Required action ::
Give back exactly the lines that run from the beginning of the entries to the line containing "doc.linetypes.add('STRICHLINIE2_S3', pattern=[0.25, 0.15, -0.1])", both included, and nothing else.

═══ Task inputs ═══

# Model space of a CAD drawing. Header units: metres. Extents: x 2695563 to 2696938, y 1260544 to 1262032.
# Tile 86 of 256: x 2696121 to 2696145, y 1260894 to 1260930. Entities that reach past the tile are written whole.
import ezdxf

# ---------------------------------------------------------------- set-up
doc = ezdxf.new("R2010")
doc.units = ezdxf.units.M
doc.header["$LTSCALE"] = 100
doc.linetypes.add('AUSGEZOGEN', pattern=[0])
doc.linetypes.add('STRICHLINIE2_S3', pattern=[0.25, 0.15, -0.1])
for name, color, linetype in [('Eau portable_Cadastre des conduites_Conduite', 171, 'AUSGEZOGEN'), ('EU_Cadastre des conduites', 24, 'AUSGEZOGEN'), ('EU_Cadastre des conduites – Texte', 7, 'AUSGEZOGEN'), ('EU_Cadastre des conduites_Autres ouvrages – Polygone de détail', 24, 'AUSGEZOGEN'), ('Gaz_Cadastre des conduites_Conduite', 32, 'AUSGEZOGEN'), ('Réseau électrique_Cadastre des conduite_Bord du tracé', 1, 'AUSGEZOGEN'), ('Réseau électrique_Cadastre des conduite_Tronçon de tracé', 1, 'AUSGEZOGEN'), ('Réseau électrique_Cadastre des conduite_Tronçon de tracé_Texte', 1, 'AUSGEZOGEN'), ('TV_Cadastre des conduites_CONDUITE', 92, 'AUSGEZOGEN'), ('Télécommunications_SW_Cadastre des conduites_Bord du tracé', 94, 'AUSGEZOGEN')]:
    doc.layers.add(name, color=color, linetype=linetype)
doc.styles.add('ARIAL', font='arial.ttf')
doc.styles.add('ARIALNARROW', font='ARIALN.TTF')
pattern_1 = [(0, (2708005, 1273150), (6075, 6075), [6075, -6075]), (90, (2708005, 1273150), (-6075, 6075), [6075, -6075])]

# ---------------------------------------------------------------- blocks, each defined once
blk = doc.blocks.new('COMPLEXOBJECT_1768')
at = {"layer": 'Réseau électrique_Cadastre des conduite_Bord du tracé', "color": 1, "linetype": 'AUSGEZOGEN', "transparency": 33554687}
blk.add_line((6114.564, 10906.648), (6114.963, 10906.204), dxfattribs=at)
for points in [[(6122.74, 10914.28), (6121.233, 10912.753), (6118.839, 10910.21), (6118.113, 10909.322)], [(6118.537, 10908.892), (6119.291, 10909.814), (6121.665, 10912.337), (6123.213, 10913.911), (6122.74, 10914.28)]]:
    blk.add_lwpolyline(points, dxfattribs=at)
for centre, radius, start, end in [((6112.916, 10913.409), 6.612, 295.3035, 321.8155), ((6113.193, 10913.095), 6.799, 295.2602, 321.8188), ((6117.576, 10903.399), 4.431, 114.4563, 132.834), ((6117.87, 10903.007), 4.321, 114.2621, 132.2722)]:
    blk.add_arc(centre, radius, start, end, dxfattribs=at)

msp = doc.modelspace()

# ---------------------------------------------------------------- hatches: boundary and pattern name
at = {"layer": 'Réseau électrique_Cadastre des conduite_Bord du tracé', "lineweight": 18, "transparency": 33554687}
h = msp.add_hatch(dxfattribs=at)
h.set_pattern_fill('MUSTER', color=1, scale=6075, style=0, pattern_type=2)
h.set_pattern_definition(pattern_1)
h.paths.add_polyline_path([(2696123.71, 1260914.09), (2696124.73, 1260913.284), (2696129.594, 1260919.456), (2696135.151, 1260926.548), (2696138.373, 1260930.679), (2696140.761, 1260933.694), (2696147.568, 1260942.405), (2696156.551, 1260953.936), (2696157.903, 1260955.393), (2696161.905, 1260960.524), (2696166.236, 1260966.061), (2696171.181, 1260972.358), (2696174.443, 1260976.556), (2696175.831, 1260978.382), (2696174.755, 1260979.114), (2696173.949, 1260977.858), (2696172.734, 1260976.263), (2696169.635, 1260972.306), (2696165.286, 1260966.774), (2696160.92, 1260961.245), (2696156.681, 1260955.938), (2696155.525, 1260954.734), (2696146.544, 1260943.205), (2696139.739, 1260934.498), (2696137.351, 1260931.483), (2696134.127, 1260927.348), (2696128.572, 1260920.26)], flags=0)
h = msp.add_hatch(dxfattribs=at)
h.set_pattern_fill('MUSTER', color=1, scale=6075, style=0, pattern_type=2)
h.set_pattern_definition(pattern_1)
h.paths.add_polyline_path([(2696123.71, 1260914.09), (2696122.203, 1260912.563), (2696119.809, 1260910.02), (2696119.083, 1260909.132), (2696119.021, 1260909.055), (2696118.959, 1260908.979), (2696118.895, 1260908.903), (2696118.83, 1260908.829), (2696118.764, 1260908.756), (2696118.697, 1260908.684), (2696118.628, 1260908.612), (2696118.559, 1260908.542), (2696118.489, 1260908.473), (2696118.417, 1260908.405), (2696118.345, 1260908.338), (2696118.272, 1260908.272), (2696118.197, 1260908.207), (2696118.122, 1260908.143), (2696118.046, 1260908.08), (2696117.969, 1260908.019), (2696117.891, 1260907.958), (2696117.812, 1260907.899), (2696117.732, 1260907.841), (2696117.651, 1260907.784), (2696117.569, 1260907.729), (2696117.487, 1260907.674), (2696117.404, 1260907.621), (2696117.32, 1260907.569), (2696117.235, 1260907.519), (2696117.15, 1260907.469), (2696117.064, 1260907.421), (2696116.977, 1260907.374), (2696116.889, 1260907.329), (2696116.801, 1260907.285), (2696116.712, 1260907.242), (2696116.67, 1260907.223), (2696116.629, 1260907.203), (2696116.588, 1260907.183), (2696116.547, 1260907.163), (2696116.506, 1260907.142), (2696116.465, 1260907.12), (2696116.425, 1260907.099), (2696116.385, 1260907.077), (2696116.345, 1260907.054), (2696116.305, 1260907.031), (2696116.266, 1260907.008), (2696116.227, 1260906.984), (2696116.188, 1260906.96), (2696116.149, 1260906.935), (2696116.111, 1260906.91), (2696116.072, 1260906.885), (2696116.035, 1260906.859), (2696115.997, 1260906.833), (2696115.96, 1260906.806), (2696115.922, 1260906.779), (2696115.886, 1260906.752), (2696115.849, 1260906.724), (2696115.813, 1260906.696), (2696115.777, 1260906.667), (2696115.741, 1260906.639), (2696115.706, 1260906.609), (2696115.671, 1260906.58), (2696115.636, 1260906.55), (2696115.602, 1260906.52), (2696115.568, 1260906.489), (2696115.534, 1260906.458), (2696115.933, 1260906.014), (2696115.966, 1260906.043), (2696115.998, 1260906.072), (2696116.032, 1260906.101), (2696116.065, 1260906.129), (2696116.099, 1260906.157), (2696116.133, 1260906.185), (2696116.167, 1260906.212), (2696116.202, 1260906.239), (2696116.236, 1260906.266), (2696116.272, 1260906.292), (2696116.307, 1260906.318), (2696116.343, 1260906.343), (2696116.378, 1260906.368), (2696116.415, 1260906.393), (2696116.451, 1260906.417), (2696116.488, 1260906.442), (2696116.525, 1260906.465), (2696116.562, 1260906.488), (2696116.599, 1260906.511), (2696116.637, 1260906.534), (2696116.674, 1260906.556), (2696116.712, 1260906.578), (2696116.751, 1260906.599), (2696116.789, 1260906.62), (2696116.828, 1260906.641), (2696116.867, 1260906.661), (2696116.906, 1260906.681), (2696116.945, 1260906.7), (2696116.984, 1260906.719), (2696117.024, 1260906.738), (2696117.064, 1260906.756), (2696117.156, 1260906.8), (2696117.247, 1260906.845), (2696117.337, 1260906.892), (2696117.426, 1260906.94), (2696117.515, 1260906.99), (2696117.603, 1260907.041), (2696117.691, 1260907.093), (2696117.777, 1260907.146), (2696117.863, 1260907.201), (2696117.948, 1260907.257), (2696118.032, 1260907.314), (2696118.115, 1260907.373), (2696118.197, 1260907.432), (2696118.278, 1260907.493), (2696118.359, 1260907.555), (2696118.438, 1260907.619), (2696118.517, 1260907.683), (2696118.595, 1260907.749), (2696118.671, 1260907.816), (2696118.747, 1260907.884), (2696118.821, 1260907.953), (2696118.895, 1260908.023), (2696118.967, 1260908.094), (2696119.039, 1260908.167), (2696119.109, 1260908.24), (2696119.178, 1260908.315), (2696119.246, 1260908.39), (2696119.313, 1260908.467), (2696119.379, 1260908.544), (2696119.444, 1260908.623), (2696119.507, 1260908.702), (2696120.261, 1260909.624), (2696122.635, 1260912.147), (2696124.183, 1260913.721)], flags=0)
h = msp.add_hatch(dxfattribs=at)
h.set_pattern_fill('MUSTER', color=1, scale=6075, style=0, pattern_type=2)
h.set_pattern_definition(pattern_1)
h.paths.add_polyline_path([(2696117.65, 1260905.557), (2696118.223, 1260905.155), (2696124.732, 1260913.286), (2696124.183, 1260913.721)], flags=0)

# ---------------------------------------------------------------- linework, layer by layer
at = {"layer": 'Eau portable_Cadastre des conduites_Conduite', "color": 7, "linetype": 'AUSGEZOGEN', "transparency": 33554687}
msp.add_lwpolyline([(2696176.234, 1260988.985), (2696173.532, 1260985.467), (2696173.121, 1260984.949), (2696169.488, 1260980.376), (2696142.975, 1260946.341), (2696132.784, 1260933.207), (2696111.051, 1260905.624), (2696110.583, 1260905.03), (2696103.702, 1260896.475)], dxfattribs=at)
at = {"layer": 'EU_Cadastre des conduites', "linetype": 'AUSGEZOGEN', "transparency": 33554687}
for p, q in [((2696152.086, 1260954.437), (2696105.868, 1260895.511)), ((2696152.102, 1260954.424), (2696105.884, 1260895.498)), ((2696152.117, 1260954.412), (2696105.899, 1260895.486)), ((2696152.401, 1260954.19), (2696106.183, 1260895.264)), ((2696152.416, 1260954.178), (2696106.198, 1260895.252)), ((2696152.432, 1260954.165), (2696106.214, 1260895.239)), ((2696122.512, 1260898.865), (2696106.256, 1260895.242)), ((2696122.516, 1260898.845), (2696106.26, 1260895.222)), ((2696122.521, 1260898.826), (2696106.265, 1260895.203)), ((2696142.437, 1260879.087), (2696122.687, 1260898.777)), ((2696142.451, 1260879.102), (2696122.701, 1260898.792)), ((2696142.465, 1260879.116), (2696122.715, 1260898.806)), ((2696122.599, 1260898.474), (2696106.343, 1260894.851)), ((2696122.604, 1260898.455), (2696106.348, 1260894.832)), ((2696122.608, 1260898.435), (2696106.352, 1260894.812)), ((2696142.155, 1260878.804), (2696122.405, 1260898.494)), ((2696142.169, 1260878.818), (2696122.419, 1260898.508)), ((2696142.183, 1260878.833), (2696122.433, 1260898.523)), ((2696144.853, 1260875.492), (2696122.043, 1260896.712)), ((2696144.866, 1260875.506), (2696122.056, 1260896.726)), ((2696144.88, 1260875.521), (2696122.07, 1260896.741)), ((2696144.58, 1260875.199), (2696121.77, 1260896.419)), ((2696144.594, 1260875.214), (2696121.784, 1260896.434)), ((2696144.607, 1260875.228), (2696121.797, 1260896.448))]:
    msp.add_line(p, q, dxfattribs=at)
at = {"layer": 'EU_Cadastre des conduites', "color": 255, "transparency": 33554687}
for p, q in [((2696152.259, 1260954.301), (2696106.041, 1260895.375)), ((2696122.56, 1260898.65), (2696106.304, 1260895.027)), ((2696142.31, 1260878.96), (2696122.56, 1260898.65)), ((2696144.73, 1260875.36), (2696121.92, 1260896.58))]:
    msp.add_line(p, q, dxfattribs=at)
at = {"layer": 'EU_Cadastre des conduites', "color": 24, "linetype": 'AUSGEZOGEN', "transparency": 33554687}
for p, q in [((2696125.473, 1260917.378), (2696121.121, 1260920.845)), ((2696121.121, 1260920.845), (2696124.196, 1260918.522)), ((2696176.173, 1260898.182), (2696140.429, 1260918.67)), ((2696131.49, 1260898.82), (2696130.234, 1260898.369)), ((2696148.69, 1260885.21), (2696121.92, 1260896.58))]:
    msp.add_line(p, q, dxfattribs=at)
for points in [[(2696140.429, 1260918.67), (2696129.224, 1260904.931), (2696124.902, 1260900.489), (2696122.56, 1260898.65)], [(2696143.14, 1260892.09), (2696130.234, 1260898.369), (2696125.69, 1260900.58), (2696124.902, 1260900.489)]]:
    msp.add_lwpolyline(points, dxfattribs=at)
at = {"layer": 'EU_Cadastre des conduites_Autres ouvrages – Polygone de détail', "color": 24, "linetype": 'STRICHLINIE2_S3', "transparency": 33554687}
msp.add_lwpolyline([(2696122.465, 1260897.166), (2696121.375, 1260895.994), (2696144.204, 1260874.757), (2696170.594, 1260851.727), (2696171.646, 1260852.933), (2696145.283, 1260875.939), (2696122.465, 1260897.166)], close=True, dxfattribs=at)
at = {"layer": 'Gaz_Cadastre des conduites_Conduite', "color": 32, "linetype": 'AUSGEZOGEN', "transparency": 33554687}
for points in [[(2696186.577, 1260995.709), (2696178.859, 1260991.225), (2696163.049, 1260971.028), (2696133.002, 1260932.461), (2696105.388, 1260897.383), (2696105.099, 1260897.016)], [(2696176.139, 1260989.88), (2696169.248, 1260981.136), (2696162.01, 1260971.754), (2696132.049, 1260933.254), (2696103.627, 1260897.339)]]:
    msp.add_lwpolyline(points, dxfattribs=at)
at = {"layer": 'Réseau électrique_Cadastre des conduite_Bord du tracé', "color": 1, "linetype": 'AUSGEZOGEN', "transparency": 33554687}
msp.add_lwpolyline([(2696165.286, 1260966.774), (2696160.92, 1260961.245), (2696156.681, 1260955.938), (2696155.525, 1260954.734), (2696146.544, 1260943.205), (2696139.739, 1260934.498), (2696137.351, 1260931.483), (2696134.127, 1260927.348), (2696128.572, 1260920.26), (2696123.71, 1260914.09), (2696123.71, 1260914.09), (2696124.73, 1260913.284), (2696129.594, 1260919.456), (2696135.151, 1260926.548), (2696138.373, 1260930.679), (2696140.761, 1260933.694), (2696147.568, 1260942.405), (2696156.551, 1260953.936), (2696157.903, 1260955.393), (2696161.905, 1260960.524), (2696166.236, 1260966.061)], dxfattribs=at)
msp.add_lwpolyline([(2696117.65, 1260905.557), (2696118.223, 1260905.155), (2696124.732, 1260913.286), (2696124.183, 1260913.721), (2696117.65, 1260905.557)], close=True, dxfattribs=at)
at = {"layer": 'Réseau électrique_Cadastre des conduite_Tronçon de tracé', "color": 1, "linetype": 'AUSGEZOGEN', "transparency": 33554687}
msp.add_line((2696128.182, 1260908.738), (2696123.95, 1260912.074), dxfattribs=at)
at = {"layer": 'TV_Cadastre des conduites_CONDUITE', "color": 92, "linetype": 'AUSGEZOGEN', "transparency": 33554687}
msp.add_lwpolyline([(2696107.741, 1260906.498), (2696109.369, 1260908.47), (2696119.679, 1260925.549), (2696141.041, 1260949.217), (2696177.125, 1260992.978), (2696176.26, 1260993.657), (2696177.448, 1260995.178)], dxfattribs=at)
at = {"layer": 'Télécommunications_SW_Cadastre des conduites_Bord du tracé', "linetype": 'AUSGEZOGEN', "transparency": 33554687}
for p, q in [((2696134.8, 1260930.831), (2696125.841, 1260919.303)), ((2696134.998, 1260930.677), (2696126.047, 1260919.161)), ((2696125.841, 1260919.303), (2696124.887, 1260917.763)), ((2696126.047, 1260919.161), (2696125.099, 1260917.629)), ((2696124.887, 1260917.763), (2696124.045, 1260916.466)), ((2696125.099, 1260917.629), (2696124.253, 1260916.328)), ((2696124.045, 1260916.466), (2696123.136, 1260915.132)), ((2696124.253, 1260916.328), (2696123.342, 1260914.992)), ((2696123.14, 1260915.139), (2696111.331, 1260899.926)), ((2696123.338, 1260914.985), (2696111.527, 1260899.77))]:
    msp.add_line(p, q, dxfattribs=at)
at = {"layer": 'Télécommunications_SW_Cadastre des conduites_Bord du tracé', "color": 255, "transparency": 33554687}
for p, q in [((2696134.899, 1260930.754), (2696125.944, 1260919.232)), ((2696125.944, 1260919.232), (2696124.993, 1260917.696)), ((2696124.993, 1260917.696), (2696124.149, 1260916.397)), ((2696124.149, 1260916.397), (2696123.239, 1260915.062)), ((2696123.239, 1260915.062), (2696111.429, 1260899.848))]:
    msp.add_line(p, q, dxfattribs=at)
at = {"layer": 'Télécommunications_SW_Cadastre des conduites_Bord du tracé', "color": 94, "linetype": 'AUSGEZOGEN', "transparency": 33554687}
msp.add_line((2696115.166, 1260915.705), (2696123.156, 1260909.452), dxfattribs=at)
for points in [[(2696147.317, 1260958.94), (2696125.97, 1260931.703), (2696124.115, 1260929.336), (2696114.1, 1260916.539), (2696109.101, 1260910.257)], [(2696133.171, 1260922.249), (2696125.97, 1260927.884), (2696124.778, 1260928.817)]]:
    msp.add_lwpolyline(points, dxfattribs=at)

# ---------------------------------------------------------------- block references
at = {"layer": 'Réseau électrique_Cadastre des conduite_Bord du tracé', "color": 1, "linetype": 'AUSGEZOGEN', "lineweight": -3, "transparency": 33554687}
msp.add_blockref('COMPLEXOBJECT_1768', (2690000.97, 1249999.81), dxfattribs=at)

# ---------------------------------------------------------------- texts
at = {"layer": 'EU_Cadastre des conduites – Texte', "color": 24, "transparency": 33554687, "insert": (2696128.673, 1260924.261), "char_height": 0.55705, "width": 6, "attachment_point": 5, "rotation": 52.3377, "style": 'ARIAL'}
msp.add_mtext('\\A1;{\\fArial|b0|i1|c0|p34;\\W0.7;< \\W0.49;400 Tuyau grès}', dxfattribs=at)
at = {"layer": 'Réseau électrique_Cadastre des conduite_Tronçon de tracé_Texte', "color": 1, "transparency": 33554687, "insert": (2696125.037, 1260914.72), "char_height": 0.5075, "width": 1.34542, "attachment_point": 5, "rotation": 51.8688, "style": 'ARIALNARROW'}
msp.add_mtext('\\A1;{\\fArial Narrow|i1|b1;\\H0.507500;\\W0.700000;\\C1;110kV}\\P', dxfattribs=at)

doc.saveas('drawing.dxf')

═══

Output below ::
# Model space of a CAD drawing. Header units: metres. Extents: x 2695563 to 2696938, y 1260544 to 1262032.
# Tile 86 of 256: x 2696121 to 2696145, y 1260894 to 1260930. Entities that reach past the tile are written whole.
import ezdxf

# ---------------------------------------------------------------- set-up
doc = ezdxf.new("R2010")
doc.units = ezdxf.units.M
doc.header["$LTSCALE"] = 100
doc.linetypes.add('AUSGEZOGEN', pattern=[0])
doc.linetypes.add('STRICHLINIE2_S3', pattern=[0.25, 0.15, -0.1])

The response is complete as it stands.